Albert-Schweitzer-Schule: „Einzug steht nicht unmittelbar bevor“
Jetzt brodelt es auch in der Weststadt. Zwar steht längst fest, dass 90 Flüchtlinge in der ehemaligen Albert-Schweitzer-Schule untergebracht werden, doch einige Anwohner scheinen erst jetzt durch eine Nachbaranhörung davon erfahren zu haben. Was geplant ist und wann mit dem Einzug zu rechnen ist.
Während am Werner-Heisenberg-Gymnasium Aufregung herrscht, weil die Stadt das Schulgelände als Standort für eine Flüchtlingsunterkunft ins Auge fasst, bringt das Thema der Unterbringung von geflüchteten Menschen auch einige Anwohner in Weinheims Weststadt in Wallung. Hintergrund ist der Umbau der ehemaligen Albert-Schweitzer-Schule, in deren Nordflügel aktuell Wohnraum geschaffen wird für 90 Flüchtlinge, oder vielmehr die Informationspolitik der Stadtverwaltung.

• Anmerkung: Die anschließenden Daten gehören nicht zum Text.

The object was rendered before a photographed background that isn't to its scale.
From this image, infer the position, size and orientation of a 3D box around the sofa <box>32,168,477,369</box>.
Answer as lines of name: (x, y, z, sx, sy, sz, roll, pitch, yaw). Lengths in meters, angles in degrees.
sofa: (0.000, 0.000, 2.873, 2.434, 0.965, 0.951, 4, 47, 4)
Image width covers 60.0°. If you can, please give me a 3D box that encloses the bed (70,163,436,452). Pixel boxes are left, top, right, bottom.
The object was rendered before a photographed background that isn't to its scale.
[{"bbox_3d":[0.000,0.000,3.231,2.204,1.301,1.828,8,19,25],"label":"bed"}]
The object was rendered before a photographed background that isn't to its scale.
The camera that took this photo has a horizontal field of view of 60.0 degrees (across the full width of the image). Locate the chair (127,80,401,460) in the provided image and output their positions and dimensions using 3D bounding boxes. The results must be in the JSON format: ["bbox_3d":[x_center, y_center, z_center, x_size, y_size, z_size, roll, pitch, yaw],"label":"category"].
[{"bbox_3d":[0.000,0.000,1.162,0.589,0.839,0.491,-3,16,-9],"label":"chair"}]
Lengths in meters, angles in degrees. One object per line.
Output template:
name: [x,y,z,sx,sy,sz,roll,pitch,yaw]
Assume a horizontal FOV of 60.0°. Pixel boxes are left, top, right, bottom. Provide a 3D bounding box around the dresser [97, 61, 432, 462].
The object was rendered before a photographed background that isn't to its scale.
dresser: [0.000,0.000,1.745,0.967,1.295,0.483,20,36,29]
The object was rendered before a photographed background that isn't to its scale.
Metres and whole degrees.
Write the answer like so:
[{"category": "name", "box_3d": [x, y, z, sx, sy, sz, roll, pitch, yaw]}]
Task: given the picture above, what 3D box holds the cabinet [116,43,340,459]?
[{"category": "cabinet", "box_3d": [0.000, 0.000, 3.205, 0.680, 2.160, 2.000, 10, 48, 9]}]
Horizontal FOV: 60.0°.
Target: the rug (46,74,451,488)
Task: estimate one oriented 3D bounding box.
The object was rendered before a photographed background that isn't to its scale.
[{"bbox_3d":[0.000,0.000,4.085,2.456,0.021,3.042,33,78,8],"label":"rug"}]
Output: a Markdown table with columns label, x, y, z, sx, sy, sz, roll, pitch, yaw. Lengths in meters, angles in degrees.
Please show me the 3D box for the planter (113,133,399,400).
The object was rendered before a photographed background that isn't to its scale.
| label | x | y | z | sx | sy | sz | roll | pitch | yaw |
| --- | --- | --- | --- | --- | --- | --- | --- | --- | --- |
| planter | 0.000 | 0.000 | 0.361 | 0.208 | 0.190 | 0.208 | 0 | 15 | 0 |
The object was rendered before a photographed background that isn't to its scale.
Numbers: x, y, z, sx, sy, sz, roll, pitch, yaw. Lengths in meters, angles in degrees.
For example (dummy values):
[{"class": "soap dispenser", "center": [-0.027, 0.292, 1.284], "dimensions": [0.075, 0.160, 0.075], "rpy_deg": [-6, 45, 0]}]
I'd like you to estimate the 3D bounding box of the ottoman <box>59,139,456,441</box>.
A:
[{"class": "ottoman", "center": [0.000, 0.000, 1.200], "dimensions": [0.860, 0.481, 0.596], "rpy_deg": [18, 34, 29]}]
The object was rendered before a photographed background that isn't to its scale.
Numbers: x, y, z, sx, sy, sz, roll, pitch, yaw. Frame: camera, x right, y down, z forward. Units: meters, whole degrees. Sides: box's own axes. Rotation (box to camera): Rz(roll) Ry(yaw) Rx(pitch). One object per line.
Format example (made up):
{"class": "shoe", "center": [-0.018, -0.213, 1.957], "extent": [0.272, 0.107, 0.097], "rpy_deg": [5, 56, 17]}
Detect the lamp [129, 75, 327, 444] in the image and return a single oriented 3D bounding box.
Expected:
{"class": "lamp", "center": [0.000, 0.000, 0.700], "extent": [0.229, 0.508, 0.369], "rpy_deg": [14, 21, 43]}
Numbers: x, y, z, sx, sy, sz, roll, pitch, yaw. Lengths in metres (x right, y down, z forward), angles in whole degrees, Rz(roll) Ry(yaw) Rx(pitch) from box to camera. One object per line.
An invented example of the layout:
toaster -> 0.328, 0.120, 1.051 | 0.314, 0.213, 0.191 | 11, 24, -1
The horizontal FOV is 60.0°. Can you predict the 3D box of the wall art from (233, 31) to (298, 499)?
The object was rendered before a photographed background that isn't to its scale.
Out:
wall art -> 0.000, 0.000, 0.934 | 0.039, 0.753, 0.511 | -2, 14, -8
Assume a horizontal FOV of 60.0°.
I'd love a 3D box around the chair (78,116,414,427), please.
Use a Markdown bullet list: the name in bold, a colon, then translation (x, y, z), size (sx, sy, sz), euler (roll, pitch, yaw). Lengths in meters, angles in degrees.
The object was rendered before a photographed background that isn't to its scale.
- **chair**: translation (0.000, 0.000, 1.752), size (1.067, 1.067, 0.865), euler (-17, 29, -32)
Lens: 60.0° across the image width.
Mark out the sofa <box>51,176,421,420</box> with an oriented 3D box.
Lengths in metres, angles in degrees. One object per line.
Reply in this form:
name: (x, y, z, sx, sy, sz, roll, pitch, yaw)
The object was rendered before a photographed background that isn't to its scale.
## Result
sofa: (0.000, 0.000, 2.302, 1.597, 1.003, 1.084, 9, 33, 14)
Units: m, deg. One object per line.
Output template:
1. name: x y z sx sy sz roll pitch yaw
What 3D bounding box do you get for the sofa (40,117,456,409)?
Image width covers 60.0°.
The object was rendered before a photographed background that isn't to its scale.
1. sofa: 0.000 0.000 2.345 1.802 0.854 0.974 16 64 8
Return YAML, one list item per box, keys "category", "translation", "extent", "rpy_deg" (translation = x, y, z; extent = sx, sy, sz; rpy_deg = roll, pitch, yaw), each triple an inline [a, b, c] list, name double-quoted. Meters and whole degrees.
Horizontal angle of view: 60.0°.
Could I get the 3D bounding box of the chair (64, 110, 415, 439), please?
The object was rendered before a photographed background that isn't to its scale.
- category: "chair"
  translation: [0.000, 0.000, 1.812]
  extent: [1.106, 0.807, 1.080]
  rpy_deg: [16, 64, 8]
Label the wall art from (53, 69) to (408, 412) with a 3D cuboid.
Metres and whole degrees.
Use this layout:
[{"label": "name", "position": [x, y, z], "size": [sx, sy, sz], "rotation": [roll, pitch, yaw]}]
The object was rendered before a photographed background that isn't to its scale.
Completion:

Mit den Umbau- und Sanierungsmaßnahmen wurde im Mai 2023 begonnen. „Eine Fertigstellung der baulichen Maßnahmen im Dezember 2023 war nicht zu schaffen, das ist für Januar/Februar 2024 geplant“, äußert sich Weinheims Pressesprecher Roland Kern auf Nachfrage unserer Redaktion. Erst danach könne eine Aufnahme der geflüchteten Personen erfolgen, voraussichtlich ist das also noch im ersten Quartal.
Die WN hat darüber nach einem Vor-Ort-Termin ausführlich zuletzt im September berichtet. „Eine Berichterstattung auf der städtischen Internetseite und in den sozialen Medien erfolgte mehrfach“, schreibt die Stadtverwaltung angesichts von Reaktionen auf eine Nachbaranhörung. Die Anhörung der Nachbarschaft sei bei einer Nutzungsänderung eines öffentlichen Gebäudes gesetzliche Vorgabe, auch wenn die Baumaßnahme selbst verfahrensfrei ist und bereits begonnen wurde.
Der aktuelle Stand
Parallel zur Albert-Schweitzer-Schule wird im dreigeschossigen Pavillon III der früheren Bachschule Wohnraum für rund 45 Flüchtlinge geschaffen. Die Arbeiten sind abgeschlossen. Ein Bezug erfolgt im ersten Quartal 2024.
Nach Angaben der Stadtverwaltung befinden sich aktuell 440 Personen in städtischen Unterkünften. Ausstehend – laut Quote – sind im Jahr 2023 von rund 230 noch 155 Personen. „45 können nicht aufgenommen werden, trotz der Nutzung der beiden ehemaligen Schulen“, teilt die Stadt mit.
„Die temporäre Unterbringung ist erforderlich“
„Beim Versenden des Schreibens an die Nachbarn hat unser Amt für Baurecht und Denkmalschutz angenommen, dass die künftige temporäre Nutzung mehrere Monate nach dem Beginn der Maßnahme und nach mehreren öffentlichen Beratungen und Medienberichten in der Nachbarschaft bekannt ist“, schreibt die Stadtverwaltung. Der Gemeinderat und der Internationale Ausschuss haben schon anfangs des Jahres in öffentlichen Sitzungen die Beschlüsse dazu gefasst und kommuniziert. „Die temporäre Unterbringung ist erforderlich, weil die Stadt Weinheim nur auf diesem Weg ihrer gesetzlichen und kurzfristig gebotenen Aufnahmepflicht nachkommen kann“, heißt es weiter.
Der Einzug der Flüchtlinge stehe jedoch nicht, wie einige Anwohner aus der Nachbaranhörung schließen, unmittelbar bevor. Mit dem Arbeitskreis (AK) Asyl, dem Ordnungsamt sowie dem Integrationsmanagement sei vereinbart, dass rechtzeitig vor dem Einzug der Flüchtlinge eine Info-Veranstaltung und eine Begehung im Stil eines „Tages der offenen Tür“ angeboten wird. „Wir sind sehr zuversichtlich, dass auch die Anlieger der Schweitzer-Schule die Ankömmlinge offen und gastfreundlich empfangen, wie das an den anderen Standorten in Weinheim ganz überwiegend der Fall war“, schreibt die Stadtverwaltung.